Voice is the new interface that will soon surround us in many places and in many ways. Voice content for Amazon Echo, Google Home, and Samsung devices is being developed by brands large and small.
We’re building voice-activated content strategies for our clients here at Convince & Convert — helping them take advantage of this fast-growing consumer interaction opportunity (for more on what we do in voice content, see Why The Time is Now for Voice-Activated Content).
I recently attend Voice Summit 2019, reported to be the largest-ever industry gathering of voice content strategists, developers, technologists, vendors and hardware platforms.
Here are the top 8 voice content trends that I synthesized during my time at the event and via our work with clients on voice apps.

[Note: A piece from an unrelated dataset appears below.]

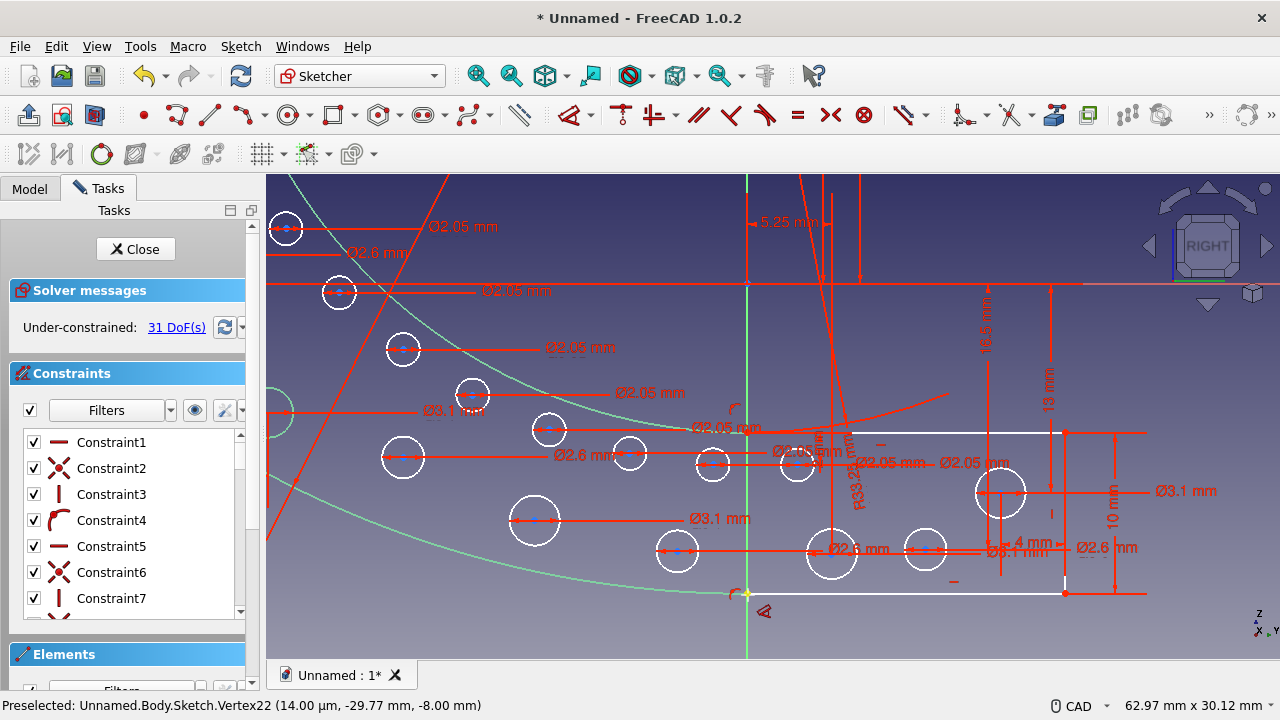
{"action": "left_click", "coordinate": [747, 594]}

The Best Voice Content Starts with User Needs
Similar to the early day of mobile apps, and even websites, there is a tendency among strategists and developers to think: “Let’s make a voice app!” Instead, the better approach is to carefully consider and research how consumers interact with the brand, what they actually need to know from that brand, and whether/if voice content is a suitable way to deliver. After all, there is no law that says you MUST have voice-activated content. Is it genuinely a Youtility? If so, build it. If not, don’t!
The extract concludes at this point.